Die Debatte verschärfte sich durch das Eingreifen der Polizei während der Mahnwache in London für die ermordete Sarah Everard. Mehrere anwesende Frauen wurden gewaltsam vom Platz gezerrt. Die Verhaftung von mehreren Demonstrantinnen zeigten auch Videos in den sozialen Netzwerken. Weil es sich beim mutmaßlichen Täter um einen Polizisten handeln soll, steht das Verhalten der Polizei besonders stark in der Kritik.

Nach einer nicht repräsentativen Studie von „Plan international“ hat jede vierte Frau in ihrer Stadt sexuelle Belästigung erlebt, jede fünfte wurde in ihrer Stadt schon Opfer von Verfolgung und Bedrohung. Auch Umfragen von deutschen Kommunen geben an, dass Frauen ein stärkeres Gefühl von Angst und Unsicherheit haben als Männer.

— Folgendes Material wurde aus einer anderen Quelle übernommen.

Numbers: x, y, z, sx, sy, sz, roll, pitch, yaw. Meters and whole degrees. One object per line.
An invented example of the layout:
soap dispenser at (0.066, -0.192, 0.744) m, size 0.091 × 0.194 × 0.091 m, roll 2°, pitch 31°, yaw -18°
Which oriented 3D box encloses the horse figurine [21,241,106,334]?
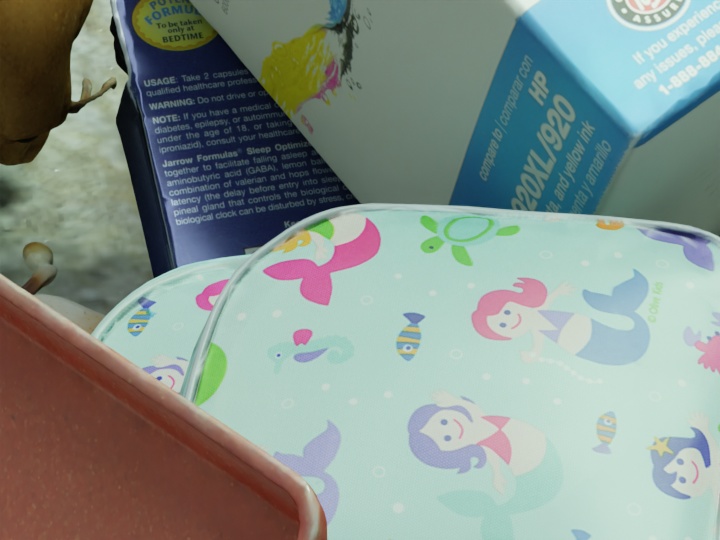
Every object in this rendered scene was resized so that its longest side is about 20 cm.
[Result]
horse figurine at (-0.089, 0.024, 0.851) m, size 0.199 × 0.050 × 0.133 m, roll 7°, pitch 32°, yaw 10°

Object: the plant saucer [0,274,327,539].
plant saucer at (-0.096, 0.097, 0.624) m, size 0.200 × 0.201 × 0.037 m, roll 30°, pitch 15°, yaw 38°

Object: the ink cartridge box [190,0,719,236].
ink cartridge box at (0.047, -0.108, 0.771) m, size 0.147 × 0.145 × 0.200 m, roll -34°, pitch 72°, yaw -23°

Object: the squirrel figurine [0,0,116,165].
squirrel figurine at (-0.153, -0.125, 0.923) m, size 0.141 × 0.201 × 0.186 m, roll -8°, pitch 8°, yaw -26°

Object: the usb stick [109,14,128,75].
usb stick at (0.003, -0.025, 0.864) m, size 0.055 × 0.033 × 0.200 m, roll -45°, pitch 78°, yaw -6°

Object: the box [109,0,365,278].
box at (0.000, 0.000, 0.813) m, size 0.120 × 0.032 × 0.201 m, roll -8°, pitch 69°, yaw -16°

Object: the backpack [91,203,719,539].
backpack at (0.012, 0.075, 0.677) m, size 0.199 × 0.151 × 0.178 m, roll 4°, pitch 54°, yaw 14°
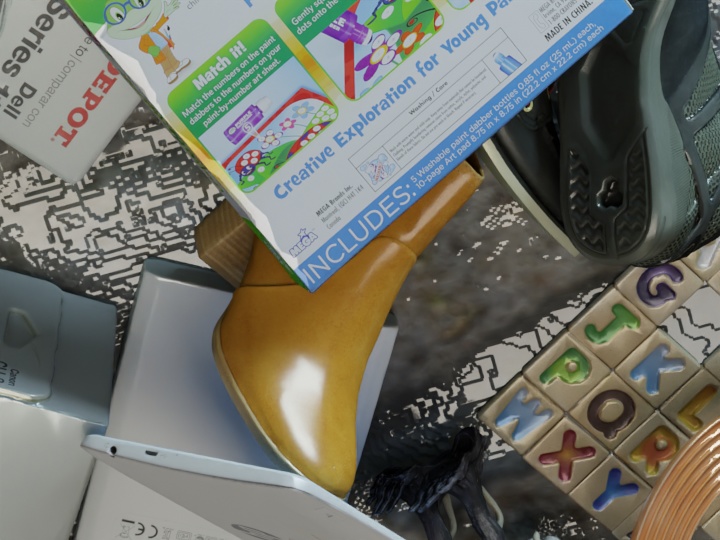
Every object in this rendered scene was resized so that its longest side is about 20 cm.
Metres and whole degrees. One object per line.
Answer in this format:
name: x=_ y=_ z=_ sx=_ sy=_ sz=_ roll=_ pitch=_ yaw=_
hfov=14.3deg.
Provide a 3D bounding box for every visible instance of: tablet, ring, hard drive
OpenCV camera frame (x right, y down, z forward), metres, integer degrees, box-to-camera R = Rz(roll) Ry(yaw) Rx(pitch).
tablet: x=-0.029 y=0.122 z=1.350 sx=0.200 sy=0.130 sz=0.014 roll=37 pitch=67 yaw=-51
ring: x=0.205 y=0.161 z=1.465 sx=0.200 sy=0.019 sz=0.201 roll=-6 pitch=100 yaw=-36
hard drive: x=-0.070 y=0.100 z=1.476 sx=0.132 sy=0.026 sz=0.200 roll=13 pitch=111 yaw=-9

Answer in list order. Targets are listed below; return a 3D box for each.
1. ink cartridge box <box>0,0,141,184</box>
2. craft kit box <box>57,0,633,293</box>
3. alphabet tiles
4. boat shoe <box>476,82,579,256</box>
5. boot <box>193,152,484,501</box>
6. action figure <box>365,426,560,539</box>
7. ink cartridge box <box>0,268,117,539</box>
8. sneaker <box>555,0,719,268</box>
ink cartridge box: x=-0.171 y=-0.156 z=1.330 sx=0.200 sy=0.083 sz=0.147 roll=33 pitch=108 yaw=-16
craft kit box: x=-0.014 y=-0.128 z=1.290 sx=0.200 sy=0.049 sz=0.198 roll=-40 pitch=108 yaw=-4
alphabet tiles: x=0.189 y=0.081 z=1.493 sx=0.200 sy=0.008 sz=0.167 roll=41 pitch=105 yaw=-17
boat shoe: x=0.065 y=-0.093 z=1.376 sx=0.063 sy=0.074 sz=0.201 roll=-36 pitch=113 yaw=0
boot: x=0.000 y=0.000 z=1.348 sx=0.144 sy=0.201 sz=0.071 roll=-37 pitch=135 yaw=17
action figure: x=0.083 y=0.180 z=1.473 sx=0.200 sy=0.119 sz=0.102 roll=50 pitch=61 yaw=-15
ink cartridge box: x=-0.216 y=0.108 z=1.406 sx=0.145 sy=0.145 sz=0.200 roll=18 pitch=110 yaw=-10
sneaker: x=0.146 y=-0.099 z=1.383 sx=0.076 sy=0.114 sz=0.200 roll=-5 pitch=85 yaw=33

Kommentar von Maria Sandig: Angst auf der Straße

Wenn das Tageslicht verschwindet, dann verschwindet bei mir auch das Gefühl von Sicherheit. Es gab Zeiten, in denen ich mich im Dunkeln nicht alleine aus dem Haus traute. Weil ich Angst davor hatte, dass es der letzte Abend sein könnte. Wenn ich auf der Straßenseite gegenüber einen Mann sah, breitete sich Hektik in mir aus. Wenn ich vor meiner Haustür stand, ein Mann in der Nähe war, zitterten meine Finger beim Versuch, die Tür aufzuschließen. Nicht wenige Frauen in meinem Umfeld haben Erfahrungen mit sexueller Belästigung und sexuellem Missbrauch machen müssen.

Wünschenswert wäre, dass sich Männer über dieses Problem bewusst werden. 

Maria Sandig, Autorin

Diese Angst ist nicht mehr allzu präsent. Ich traue mich wieder vor die Haustür. Denn auch, wenn Gefahren lauern, ist in meinen Augen die größte Gefahr, sich aus Angst vor dem Leben zu verschließen. Und trotzdem fühle ich mich mit Schlüssel zwischen den Fingern, Haaren im Mantel und auf meinem Fahrrad sicherer, als ohne all diese Mechanismen.

Wünschenswert wäre, dass sich Männer über dieses Problem bewusst werden. Dass sie die Straßenseite wechseln und nicht ich. Dass sie einen Moment lang warten oder eher abbiegen und nicht mehrere Minuten hinter mir laufen, wenn es dunkel ist. Dass sie uns Frauen Verständnis entgegenbringen, zuhören, unsere Ängste wahrnehmen und sich ihre Privilegien bewusst machen.